■ About this exercise: All records below must be written out exactly, with the pictures excluded.
----------
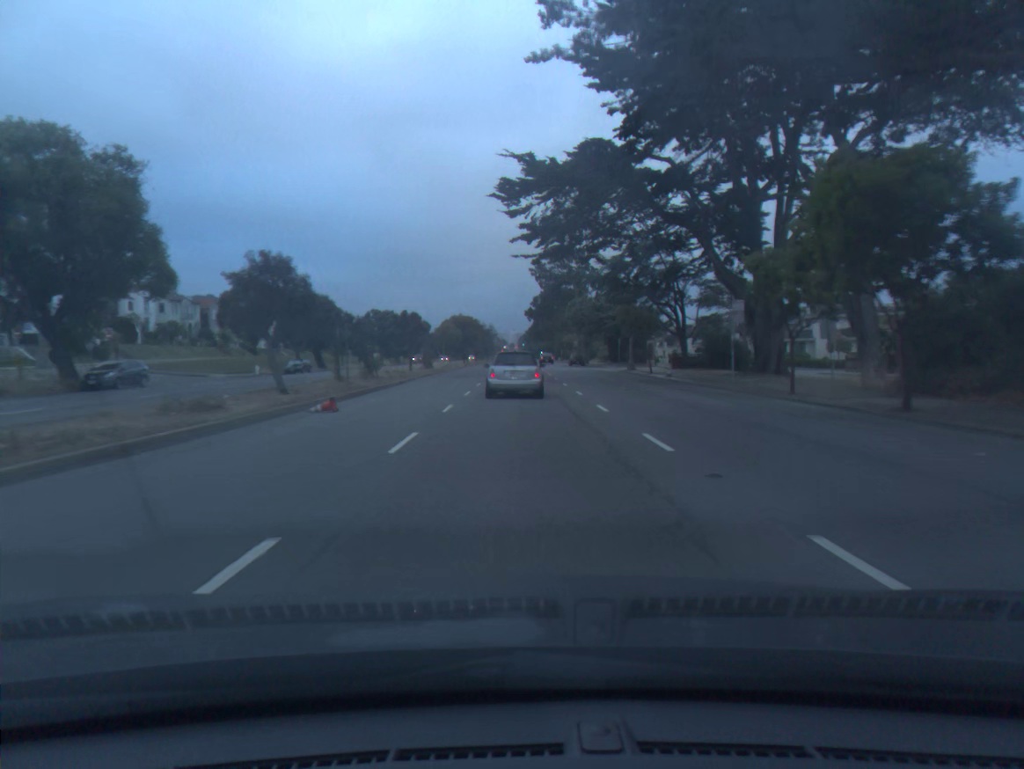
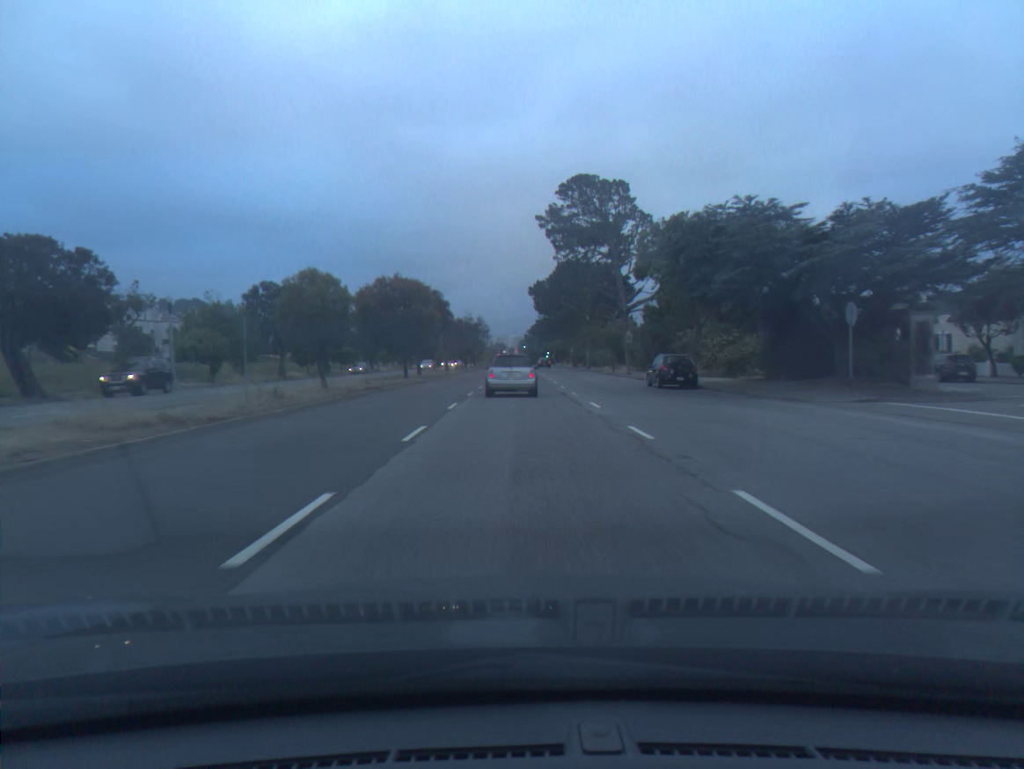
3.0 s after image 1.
(0.0, +56.9) m; 0°
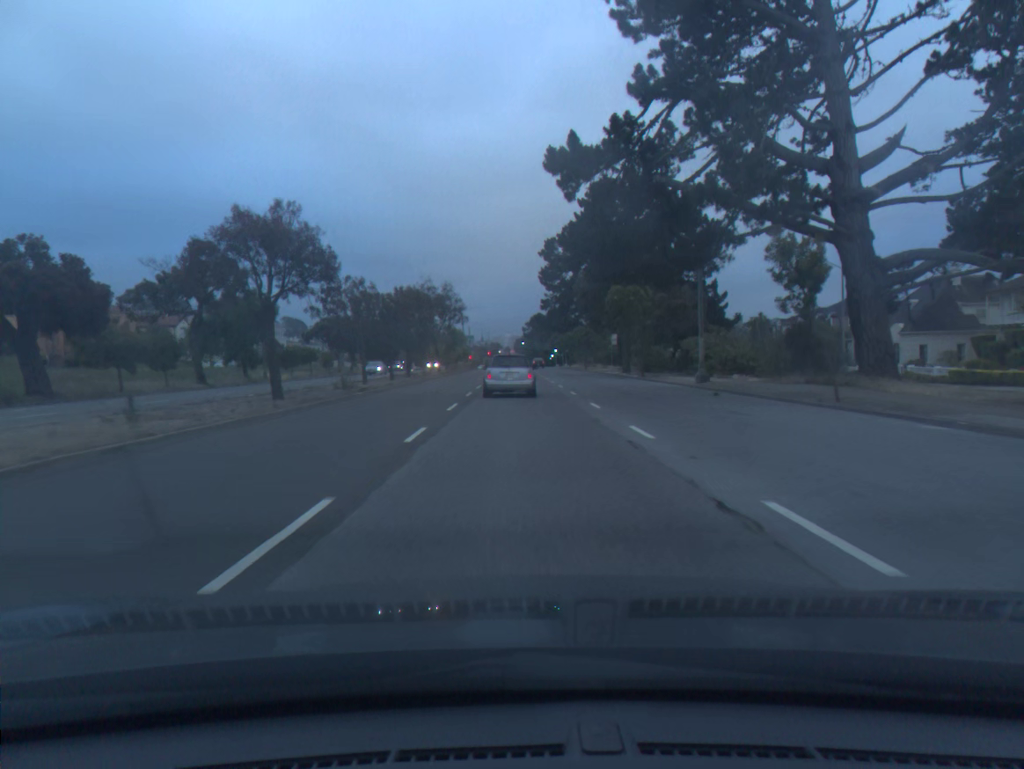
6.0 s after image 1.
(-0.1, +58.3) m; 0°
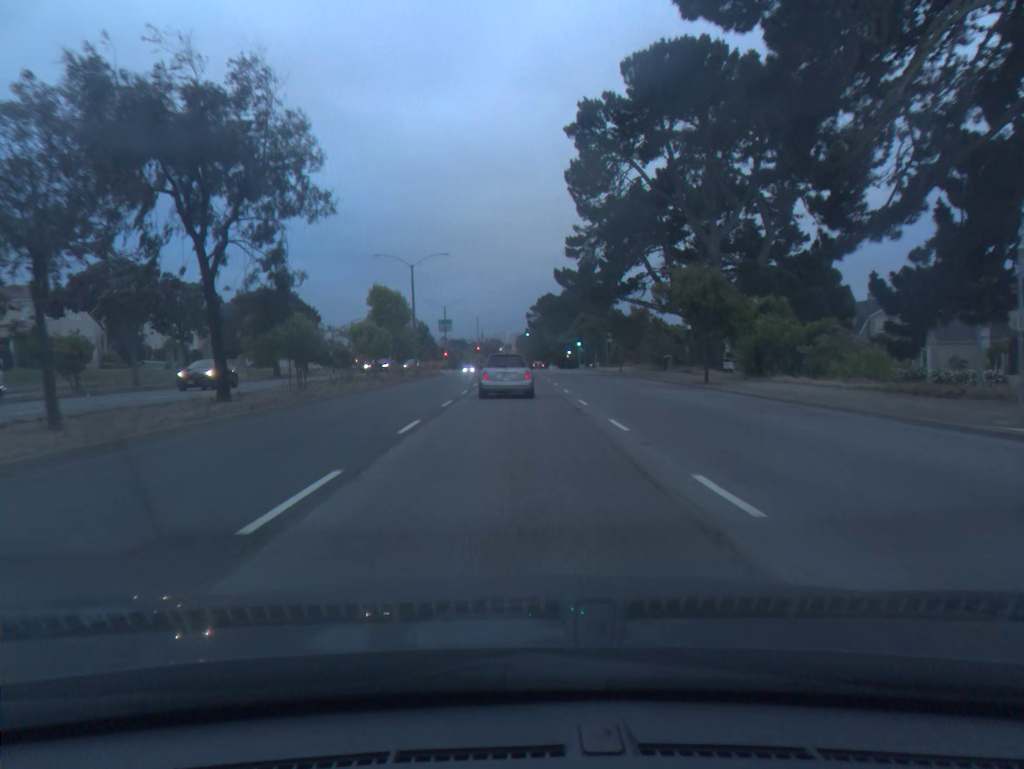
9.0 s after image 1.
(0.0, +57.3) m; 0°
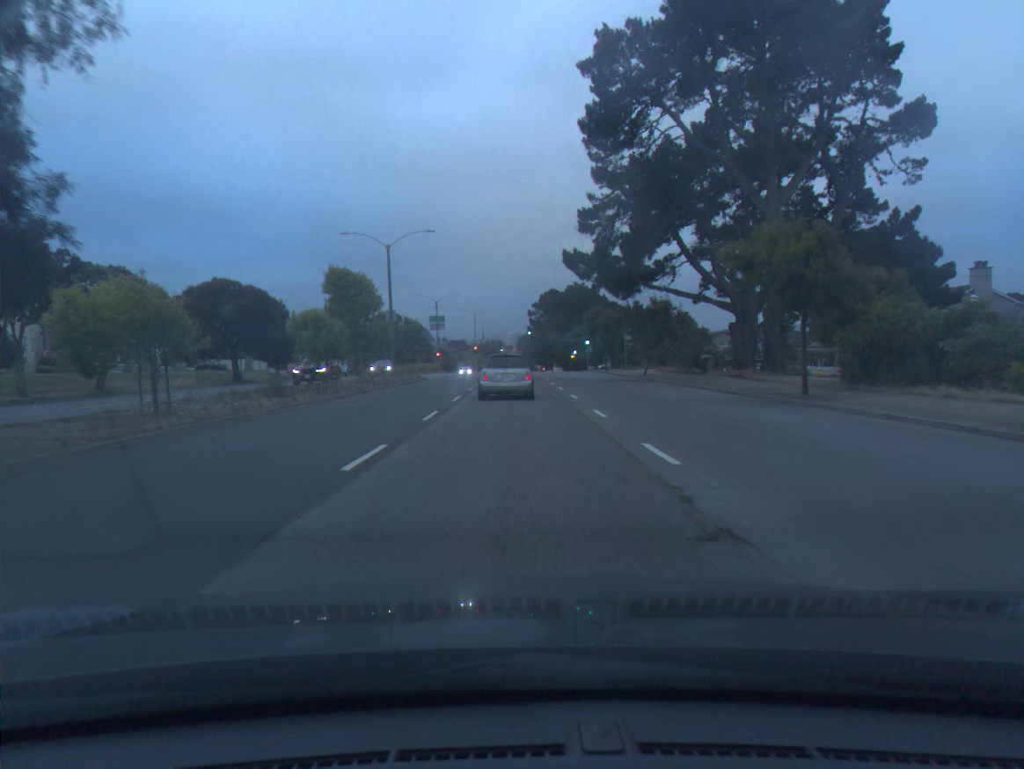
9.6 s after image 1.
(0.0, +11.3) m; 0°
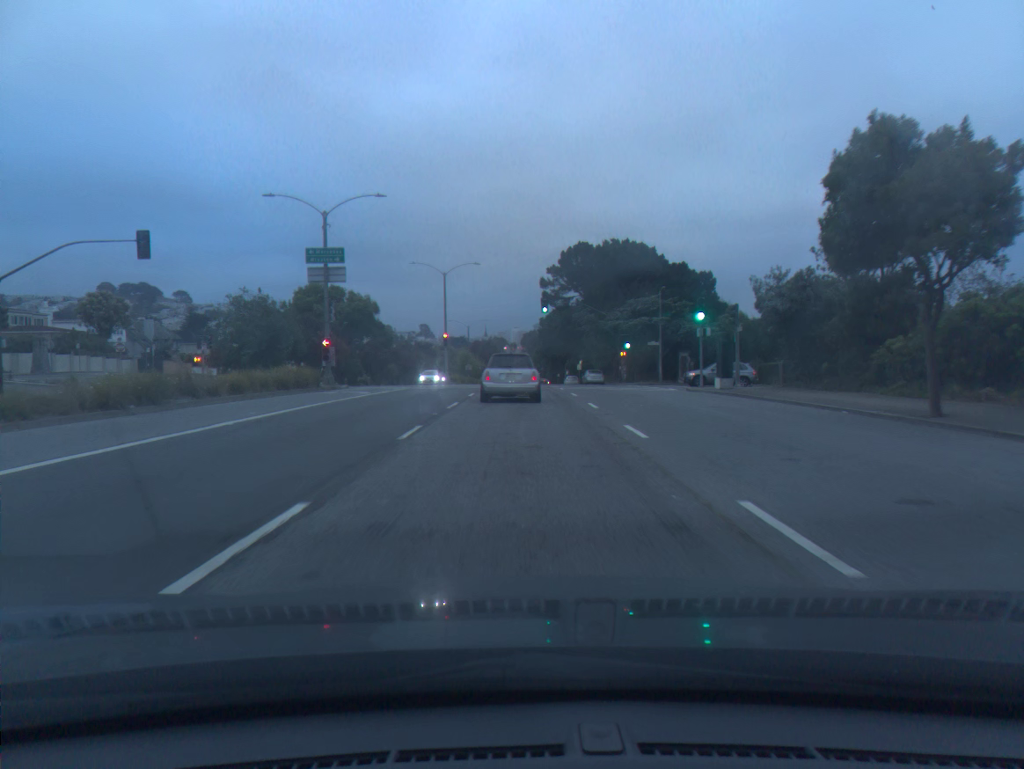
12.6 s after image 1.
(-0.1, +55.4) m; 0°
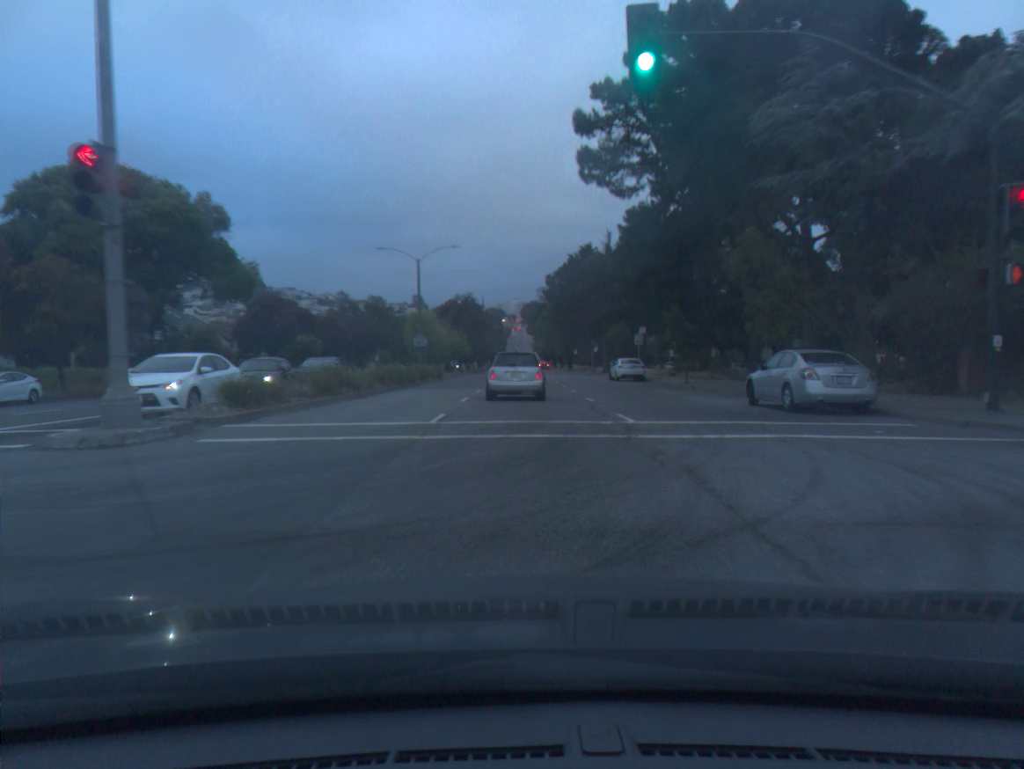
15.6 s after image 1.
(-0.1, +53.6) m; 0°
----------
■ Reply:
3.0 s after image 1.
(0.0, +56.9) m; 0°
6.0 s after image 1.
(-0.1, +58.3) m; 0°
9.0 s after image 1.
(0.0, +57.3) m; 0°
9.6 s after image 1.
(0.0, +11.3) m; 0°
12.6 s after image 1.
(-0.1, +55.4) m; 0°
15.6 s after image 1.
(-0.1, +53.6) m; 0°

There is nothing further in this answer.